Abstract
The past two decades have seen significant improvements in the management of patients with pulmonary arterial hypertension (PAH). Although outcome has improved, long-term prognosis remains unsatisfactory. The development of new treatment options is clearly important. Equally important is testing new agents in trials designed to provide robust evidence for sustained clinical benefits enabling clinicians to determine the optimal treatment strategy for individual patients. End-points such as the change in 6-min walk distance (6MWD) have been pivotal in the registration trials of currently available PAH-specific therapies. However, as current clinical trials enrol patients with milder disease, many already on background therapy, there is growing evidence that change from baseline in 6MWD is a weak surrogate of outcome in PAH. In addition, while short-term trials allowed for the rapid approval of PAH therapies in the past, there is increasing recognition that clinical trials for new agents must provide evidence of long-term benefits. Clinical trials need to evolve to provide the long-term, clinically relevant data required to appropriately assess new therapies. Event-driven long-term morbidity and mortality trials are currently underway, and will provide robust data on the frequency and timing of events, and are likely to reflect the future of clinical trial design in PAH.
Introduction
While there has been much progress in drug development and the symptomatic management of pulmonary arterial hypertension (PAH) over the past 20 years, long-term prognosis remains unsatisfactory. Data from contemporary registry studies have reported 3-year survival rates of 67% in the French national registry [1] and 57% in the UK national registry [2], with a 7-year survival rate of 49% in the US Registry to Evaluate Early and Long-term PAH Disease Management (REVEAL) [3]. Although an improvement was seen compared with historical data, these cohorts show that, even in countries where expert pulmonary hypertension centres have been established and a wide array of drug treatments are available, mortality remains substantial.
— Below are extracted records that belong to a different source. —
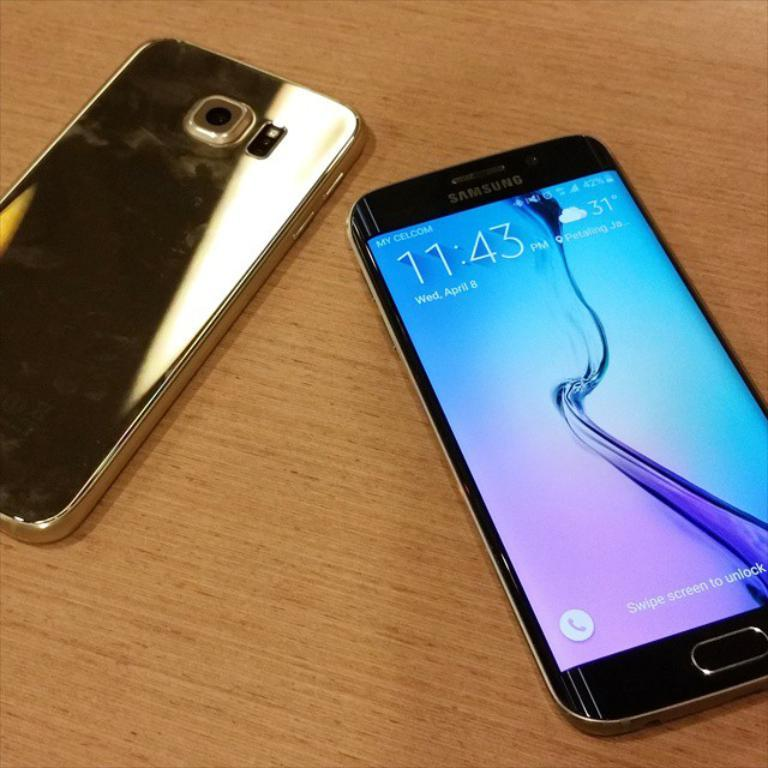<image>
Create a compact narrative representing the image presented. A cell phone displays the time on 11:43 and temperature of 31. 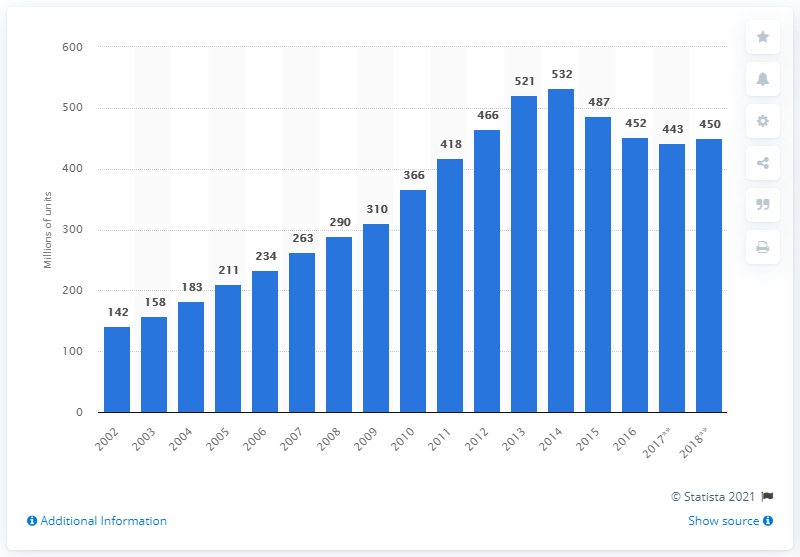Mention a couple of crucial points in this snapshot. In 2016, a total of 450 units of personal computing devices were shipped. 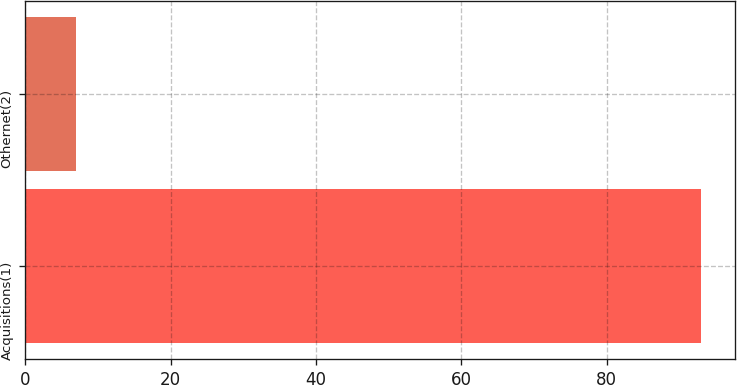Convert chart. <chart><loc_0><loc_0><loc_500><loc_500><bar_chart><fcel>Acquisitions(1)<fcel>Othernet(2)<nl><fcel>93<fcel>7<nl></chart> 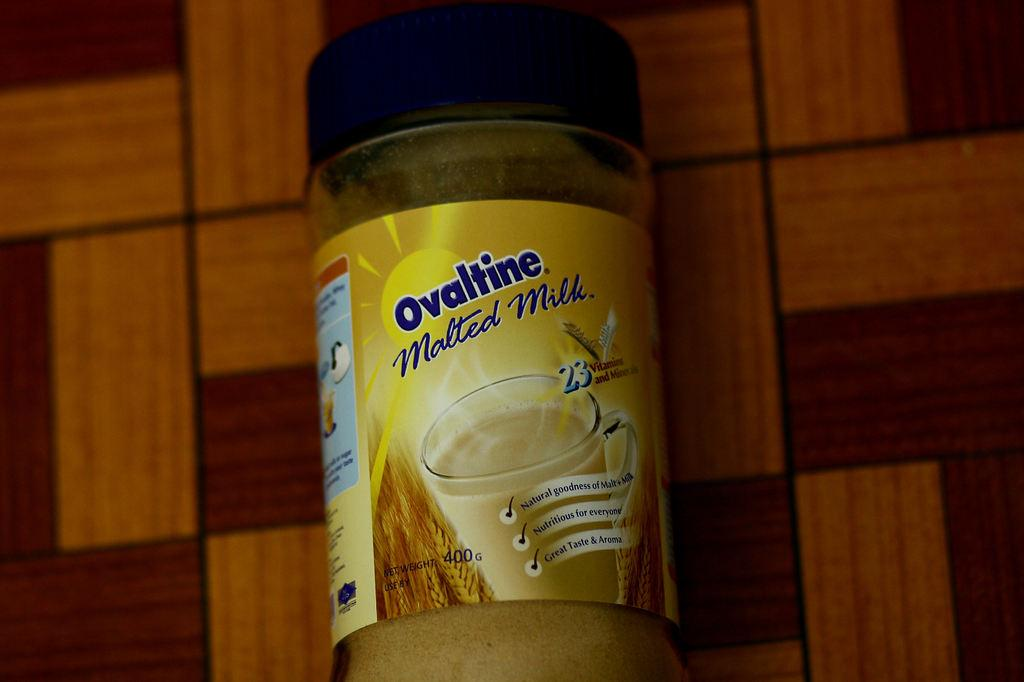<image>
Offer a succinct explanation of the picture presented. A bottle of Ovaltine malted milk sits on a two-tone wood table. 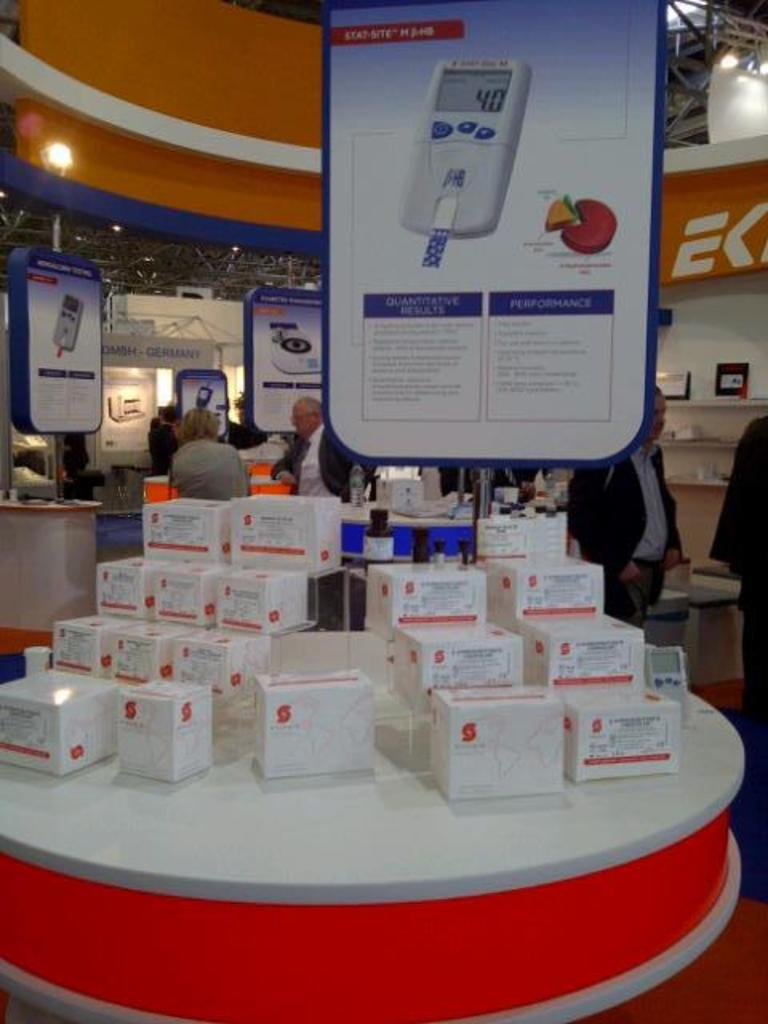<image>
Relay a brief, clear account of the picture shown. A store with lots of boxes for sale and an ad that talks about the devices performance. 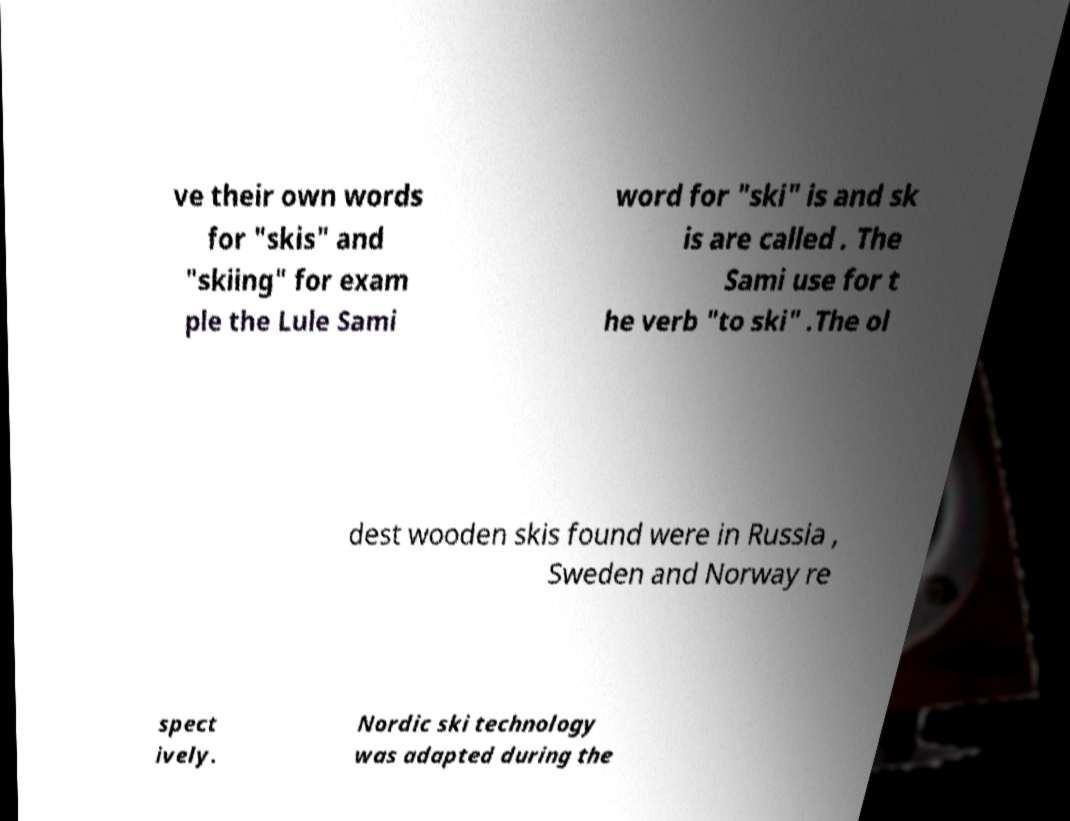Could you assist in decoding the text presented in this image and type it out clearly? ve their own words for "skis" and "skiing" for exam ple the Lule Sami word for "ski" is and sk is are called . The Sami use for t he verb "to ski" .The ol dest wooden skis found were in Russia , Sweden and Norway re spect ively. Nordic ski technology was adapted during the

While national PAH registries and open-label studies give an indication of population survival, there are limitations that need to be considered when extrapolating to the individual patient. As they include unselected, “real-world” patients, registries comprise mixed patient populations with different comorbidities and co-medications. The applicability of data from mixed patient populations to the individual or a single PAH aetiology is therefore unclear. One of the major considerations is whether prevalent (that is, patients with previously diagnosed PAH) or incident (that is, patients with newly diagnosed PAH) are included. The inclusion of prevalent patients in a registry study introduces inherent bias [4]. In PAH, as in any other chronic disease, prevalent cohorts are subject to survivor bias, as patients who die soon after disease onset are unlikely to be included. This means that prevalent cohorts tend to select patients who are therefore likely to have a better prognosis than incident patients. This has been demonstrated in both the French [1] and REVEAL registries [5], where prevalent patients were found to show better survival than incident or newly diagnosed patients. If prevalent “survivors” dominate the patient cohort in the registry, then they will distort the overall survival estimate, particularly in the early months of the study [6]. This disparity has been suggested to be responsible, in part, for lower early mortality figures in the REVEAL registry, which included a high proportion of prevalent patients compared with the French registry, which estimated survival from time of initial diagnosis [6].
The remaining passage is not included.